Toward Machine Learning Electrospray Ionization Sensitivity Prediction for Semiquantitative Lipidomics in Stem Cells

Abstract

Specificity, sensitivity, and high metabolite coverage make mass spectrometry (MS) one of the most valuable tools in metabolomics and lipidomics. However, translation of metabolomics MS methods to multiyear studies conducted across multiple batches is limited by variability in electrospray ionization response, making batch-to-batch comparisons challenging. This limitation creates an artificial divide between nontargeted discovery work that is broad in scope but limited in terms of absolute quantitation ability and targeted work that is highly accurate but limited in scope due to the need for matched isotopically labeled standards. These issues are often observed in stem cell studies using metabolomic and lipidomic MS approaches, where patient recruitment can be a years-long process and samples become available in discrete batches every few months. To bridge this gap, we developed a machine learning model that predicts electrospray ionization sensitivity for lipid classes that have shown correlation with stem cell potency. Molecular descriptors derived from these lipids' chemical structures are used as model input to predict electrospray response, enabling quantitation by MS with moderate accuracy (semiquantitation). Model performance was evaluated via internal and external validation using cultured cells from various stem cell donors, achieving global percent errors of 40% and 20% for positive and negative electrospray ion modes, respectively. Although this accuracy is typically insufficient for traditional targeted lipidomics experiments, it is sufficient for semiquantitative estimation of lipid marker concentrations across batches without the need for specific chemical standards that many times are unavailable. Furthermore, the precision for model-predicted concentrations was 16.9% for the positive mode and 7.5% for the negative mode, indicating promise for data harmonization across batches. The set of molecular descriptors used by the models described here was able to yield higher accuracy than those previously published in the literature, showing high promise toward semiquantitative lipidomics.

Figure 1

Collection of training and evaluation data sets for machine learning models.
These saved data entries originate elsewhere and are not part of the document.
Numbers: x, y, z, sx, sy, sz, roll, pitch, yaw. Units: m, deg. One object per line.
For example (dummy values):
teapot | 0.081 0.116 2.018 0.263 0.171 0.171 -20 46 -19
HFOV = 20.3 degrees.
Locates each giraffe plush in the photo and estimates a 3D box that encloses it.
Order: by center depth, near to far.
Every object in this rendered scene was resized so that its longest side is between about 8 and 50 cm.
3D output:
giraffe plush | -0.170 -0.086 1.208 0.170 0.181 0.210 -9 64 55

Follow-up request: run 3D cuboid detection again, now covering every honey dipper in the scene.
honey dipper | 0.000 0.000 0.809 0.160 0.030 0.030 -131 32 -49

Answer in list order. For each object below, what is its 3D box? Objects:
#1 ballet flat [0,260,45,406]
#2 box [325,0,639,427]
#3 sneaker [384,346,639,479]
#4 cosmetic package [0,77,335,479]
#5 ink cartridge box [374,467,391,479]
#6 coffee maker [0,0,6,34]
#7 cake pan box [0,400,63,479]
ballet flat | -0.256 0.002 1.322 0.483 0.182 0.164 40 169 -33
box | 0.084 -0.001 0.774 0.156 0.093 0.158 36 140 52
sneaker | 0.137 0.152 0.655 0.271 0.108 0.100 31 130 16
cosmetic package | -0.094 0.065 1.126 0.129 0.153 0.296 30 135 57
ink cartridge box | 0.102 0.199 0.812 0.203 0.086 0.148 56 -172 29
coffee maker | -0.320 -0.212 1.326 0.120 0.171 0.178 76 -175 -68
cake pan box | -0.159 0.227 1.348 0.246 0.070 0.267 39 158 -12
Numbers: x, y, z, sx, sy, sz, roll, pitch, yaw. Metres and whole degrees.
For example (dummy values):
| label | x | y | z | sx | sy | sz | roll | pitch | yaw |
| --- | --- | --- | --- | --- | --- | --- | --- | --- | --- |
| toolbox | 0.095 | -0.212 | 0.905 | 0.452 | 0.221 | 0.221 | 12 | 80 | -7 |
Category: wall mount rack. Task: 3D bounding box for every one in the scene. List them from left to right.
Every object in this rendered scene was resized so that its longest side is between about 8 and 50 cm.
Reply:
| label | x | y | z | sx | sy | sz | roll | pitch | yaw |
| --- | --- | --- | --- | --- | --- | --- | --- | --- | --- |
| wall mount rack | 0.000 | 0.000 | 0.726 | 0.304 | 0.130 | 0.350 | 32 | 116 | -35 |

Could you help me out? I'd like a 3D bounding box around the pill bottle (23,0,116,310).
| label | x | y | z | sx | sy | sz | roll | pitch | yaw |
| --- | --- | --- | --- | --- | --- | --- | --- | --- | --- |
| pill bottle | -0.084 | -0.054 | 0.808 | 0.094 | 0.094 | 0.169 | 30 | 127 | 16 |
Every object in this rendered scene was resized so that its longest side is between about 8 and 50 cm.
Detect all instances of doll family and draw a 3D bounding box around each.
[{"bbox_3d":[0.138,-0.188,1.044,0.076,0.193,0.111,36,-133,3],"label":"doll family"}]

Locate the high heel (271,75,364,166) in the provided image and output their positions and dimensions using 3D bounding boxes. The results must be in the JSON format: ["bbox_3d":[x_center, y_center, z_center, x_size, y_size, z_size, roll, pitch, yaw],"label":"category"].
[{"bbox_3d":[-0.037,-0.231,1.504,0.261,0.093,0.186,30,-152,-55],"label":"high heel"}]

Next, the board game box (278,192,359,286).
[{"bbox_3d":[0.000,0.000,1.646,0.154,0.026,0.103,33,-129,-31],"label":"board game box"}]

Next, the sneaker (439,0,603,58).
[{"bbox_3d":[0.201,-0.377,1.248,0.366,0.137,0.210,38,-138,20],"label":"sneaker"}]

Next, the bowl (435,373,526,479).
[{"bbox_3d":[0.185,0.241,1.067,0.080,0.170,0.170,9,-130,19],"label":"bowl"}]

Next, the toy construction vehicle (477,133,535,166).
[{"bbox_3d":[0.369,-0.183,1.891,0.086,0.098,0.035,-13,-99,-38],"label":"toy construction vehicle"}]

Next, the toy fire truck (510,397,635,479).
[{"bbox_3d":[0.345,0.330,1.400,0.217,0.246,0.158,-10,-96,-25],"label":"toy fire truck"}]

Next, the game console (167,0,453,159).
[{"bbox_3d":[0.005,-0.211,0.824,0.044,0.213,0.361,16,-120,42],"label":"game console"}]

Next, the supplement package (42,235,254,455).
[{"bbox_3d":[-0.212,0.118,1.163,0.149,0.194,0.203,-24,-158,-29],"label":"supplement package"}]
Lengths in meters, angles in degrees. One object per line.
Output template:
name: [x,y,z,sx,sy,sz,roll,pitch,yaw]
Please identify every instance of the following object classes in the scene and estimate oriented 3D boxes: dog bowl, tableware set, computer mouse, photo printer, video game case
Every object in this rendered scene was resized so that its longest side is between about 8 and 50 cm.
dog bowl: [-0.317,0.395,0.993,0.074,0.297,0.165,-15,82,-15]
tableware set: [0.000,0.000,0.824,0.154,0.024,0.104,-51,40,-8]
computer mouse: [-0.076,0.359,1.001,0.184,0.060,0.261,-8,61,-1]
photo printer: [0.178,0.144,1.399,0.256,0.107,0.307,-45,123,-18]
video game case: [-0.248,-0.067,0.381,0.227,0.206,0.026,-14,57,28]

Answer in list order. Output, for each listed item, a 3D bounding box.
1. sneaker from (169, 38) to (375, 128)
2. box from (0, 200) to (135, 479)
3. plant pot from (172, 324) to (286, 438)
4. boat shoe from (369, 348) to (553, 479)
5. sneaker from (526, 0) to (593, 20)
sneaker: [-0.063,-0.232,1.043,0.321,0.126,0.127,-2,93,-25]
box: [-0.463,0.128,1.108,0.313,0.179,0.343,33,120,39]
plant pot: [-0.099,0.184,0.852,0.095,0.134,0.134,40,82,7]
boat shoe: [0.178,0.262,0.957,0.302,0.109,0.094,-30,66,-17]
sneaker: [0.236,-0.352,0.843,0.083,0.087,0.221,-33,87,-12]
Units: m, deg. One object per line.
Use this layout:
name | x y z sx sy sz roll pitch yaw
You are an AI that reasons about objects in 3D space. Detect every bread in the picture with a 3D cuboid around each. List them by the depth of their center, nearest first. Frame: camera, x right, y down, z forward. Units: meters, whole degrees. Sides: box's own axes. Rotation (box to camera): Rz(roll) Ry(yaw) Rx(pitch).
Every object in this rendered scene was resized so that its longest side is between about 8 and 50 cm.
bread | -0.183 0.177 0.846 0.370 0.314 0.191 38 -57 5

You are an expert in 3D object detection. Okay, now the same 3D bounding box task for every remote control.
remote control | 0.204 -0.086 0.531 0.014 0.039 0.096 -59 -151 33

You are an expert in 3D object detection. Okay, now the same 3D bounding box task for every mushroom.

Two lipid standard mixes, the Avanti UltimateSPLASH ONE and Avanti SPLASH LIPIDOMIX, were spiked according to the (a) scheme into cell pellet samples composed of MSCs from two donors. From these samples, several lipid (b) data sets were created for model training, testing, and target evaluation. UI27RMEWO3 Created in BioRender. Fernandez, F. (2025).

Figure 2

Model development workflow depicting (a) generation of lipid calibration curves for determination of experimental sensitivity values (m_R), (b) identifying optimal train/test split percentage, (c) optimization of data transformation and feature selection, d) generation of 1,101 model iterations to select median error model, (e) model training with 5-fold cross validation, (f) model validation on test set lipids, and (g) external validation on separate lipids in separate samples. Full workflow results in two final models: one for each ionization mode, positive and negative. NA27RMF9PW Created in BioRender. Fernandez, F. (2025).

Figure 3

Electrospray ionization efficiency violin plots of observed lipid classes in (a) positive ion mode and (b) negative ion mode. The plot displays the ionization efficiencies of the lipid components of the Avanti Ultimate SplashOne mix spiked into donor 1 and donor 2 MSC samples. For each individual lipid, the ionization efficiencies measured were averaged across donor 1 and donor 2 samples. Ionization efficiency was defined as the slope of the concentration–response curve (m) using non-normalized peak areas.

Figure 4

Model calibration and internal validation performance. Plots depicting measured relative slopes (m_R) for UltimateSplash components in donor 1 samples against their predicted relative slopes for (a) positive ion mode model calibration, (b) negative ion mode calibration, (c) positive model cross-validation, (d) negative mode cross-validation, (e) positive mode internal validation, and (f) negative mode internal validation. For positive and negative ion mode model iterations, the median was chosen for display. All models utilized Box-Cox transformation and recursive feature elimination (RFE). Dashed lines indicate the regression fit line, and solid lines indicate a x = y fit.

Figure 5

Errors for internal and external validation of positive and negative ion mode models. Average percent errors for (a) positive and (b) negative mode concentration predictions during internal validation using 20% of the analytes in UltimateSplash Mix. Errors were averaged at each calibration level. Average percent errors for (c) positive and (d) negative mode concentration predictions during external validation using Splash Lipidomix in donor 1 and donor 2 samples. Errors were averaged across three high samples and three low samples. Errors were calculated by comparing predicted concentrations to spiked concentrations. Note: ceramide names abbreviated for space; full names can be found in Table S3.

Figure 6

Model accuracy compared to traditional nontargeted quantitation approaches. The accuracies of predicted and calculated concentrations for Splash Lipidomix standards in donor 1 and donor 2 samples (averaged across 12 samples). Concentrations were determined using the prediction workflow, one-point calibration, and surrogate lipid class curve calibration and are displayed as (a) a global average for positive and negative modes, (b) averages by lipid component in positive mode, and (c) averages by lipid component in negative mode.